There are other versions of the story. In one, Adam doesn’t reject the first woman as soon as she’s created, but when he tries to fuck her she refuses to lie below him, since God had created them equal. They argue for a while, and then Lilith flees Paradise to give birth to demons. She and her brood still stalk the world, preying on men, stealing their seed in the night, putting curses on their children. The Aramaic incantation bowl above is a conjuration against Lilith. She turns up exactly once in the actual Bible, when Isaiah promises judgement on Edom. As the King James has it: ‘The cormorant and the bittern shall possess it; the owl also and the raven shall dwell in it: and he shall stretch out upon it the line of confusion, and the stones of emptiness… The satyr shall cry to his fellow; the screech owl also shall rest there.’ But the Hebrew text doesn’t say anything about any owls; the word it uses is lilith. Night-monster, night-hag, creature of blood and viscera who screeches when you should be asleep. She’s not always evil, exactly, but as a more recent interpreter points out, ‘Lilith and all beings similar to Lilith belong to a world from before the Fall, which means that human laws do not apply to them, that they’re not bound by human rules or human regulations, and that they don’t have human consciences or human hearts, and never shed human tears. For Lilith, there’s no such thing as sin. Their world is different. To human eyes, it might seem strange, as if drawn in a very fine line, since everything it contains is more luminous and lightweight.’ This is not to say she’s harmless. In medieval Christian depictions, the serpent that tempts Eve in the Garden is often portrayed as female, and sometimes with some very non-reptilian breasts. Lilith, the first devil, come to avenge herself on the one who replaced her.
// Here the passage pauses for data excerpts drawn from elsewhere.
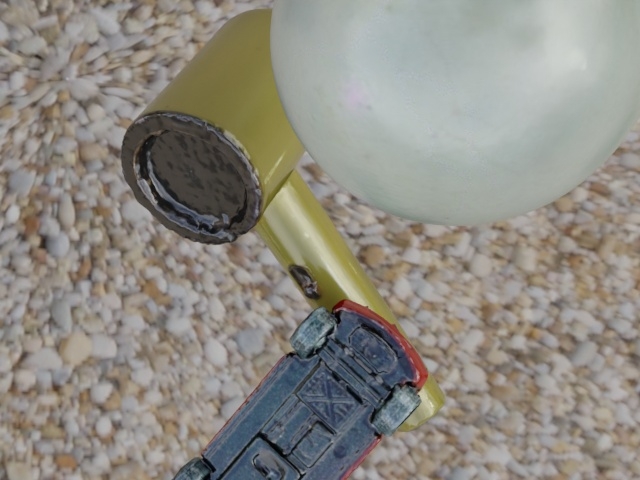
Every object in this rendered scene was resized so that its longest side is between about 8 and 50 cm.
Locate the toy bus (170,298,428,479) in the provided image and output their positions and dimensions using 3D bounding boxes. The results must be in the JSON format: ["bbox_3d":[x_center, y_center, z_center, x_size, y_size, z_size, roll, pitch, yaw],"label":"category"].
[{"bbox_3d":[-0.012,0.123,0.761,0.081,0.089,0.195,42,102,10],"label":"toy bus"}]

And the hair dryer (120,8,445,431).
[{"bbox_3d":[0.000,0.000,0.773,0.279,0.090,0.135,57,40,-23],"label":"hair dryer"}]

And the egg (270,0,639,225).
[{"bbox_3d":[0.066,-0.090,0.507,0.151,0.209,0.151,12,118,24],"label":"egg"}]

Taylor Swift has, it’s worth mentioning, a longstanding association with snakes.
The primordial ex-girlfriend, the ex-girlfriend who hissed the magic of the earth at the very dawn of time. The spirit that refuses to simply lie underneath a man, that goes from house to house poisoning newborn infants, wiping out the fruits of desire. The great demon of indifference. The monster who—we can admit it—does sometimes seem to have right on her side. The one with no navel. She was not born; she did not Fall; she does not die. Pierced through the heart but never killed. Like every remnant of that other creation, she appears in ours in the form of a terrifying void. This is, I think, what I’d uncovered as the world’s first full-time Taylor Swift reporter.
I’m not saying any of this is true. I think that Taylor Swift is most likely an ordinary woman, thirty-three years old and not five thousand, seven hundred and eighty-four, who’s always had a belly button like everyone else, and whose private life is probably, like everyone else’s, just a little sad. But I believed it then. And it does make sense. It made enough sense to drive me mad.